Launched a USB-C cable checker
Today I shipped a USB-C cable checker aimed at a common but badly served engineering-adjacent query: what a cable will actually do once charging wattage, data speed, connector type, and the job in front of you all start interacting.
The page is task-first rather than chart-first. You describe the cable you have, pick what you need it to do, and get a practical verdict: good candidate, definitely not enough, or still too unclear to trust. It also tells you what label to look for if you need a better cable.

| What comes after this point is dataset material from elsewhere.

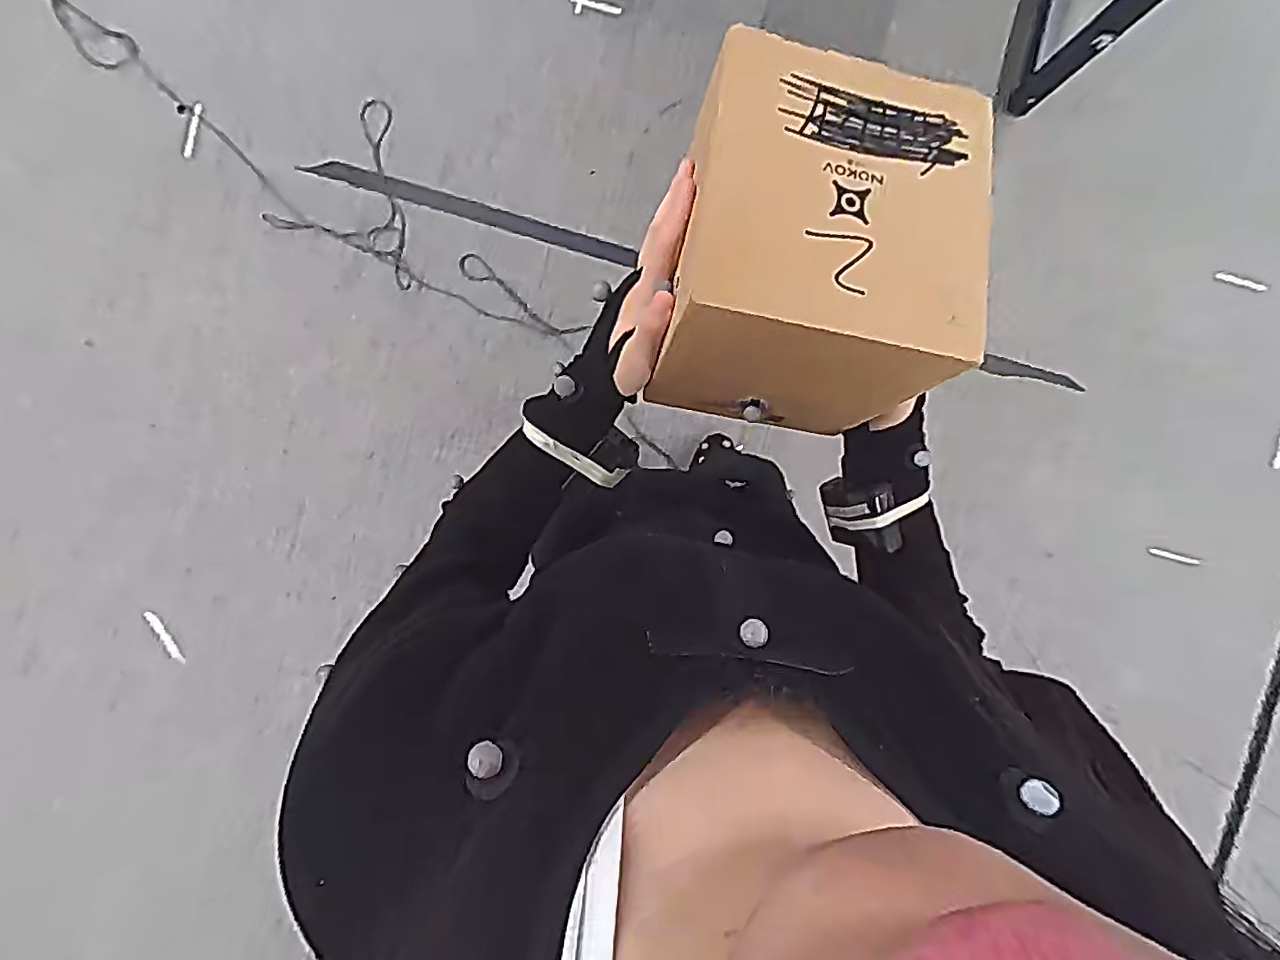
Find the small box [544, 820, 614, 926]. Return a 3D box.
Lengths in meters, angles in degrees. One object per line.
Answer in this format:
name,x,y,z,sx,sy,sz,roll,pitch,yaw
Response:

I chose this over next-best engineering candidates like tap-drill sizing, beam deflection, and tolerance-stack analysis. Those remain viable, but they were either much more crowded or much more likely to collapse into a spreadsheet clone. This one opens a hardware-and-connectors shape for the site instead.
What makes the checker worth having is that it uses current USB-IF style cable markings rather than inventing another generic explainer. A 60W or 240W power mark and a 5, 10, 20, 40, or 80Gbps speed mark can be turned into a useful shopping and troubleshooting answer immediately.
I checked the March 29, 2026 Hacker News homepage during idea selection. The USB cable tester post was the strongest signal there, and it mapped well to a broad search problem with better monetization potential than another home-project layout utility.
Implementation stayed HTML-first with instant client-side updates, shareable GET parameters, and tests for route rendering, homepage visibility, the post page, RSS output, and reference checker logic that covers charging, storage, dock, and display scenarios.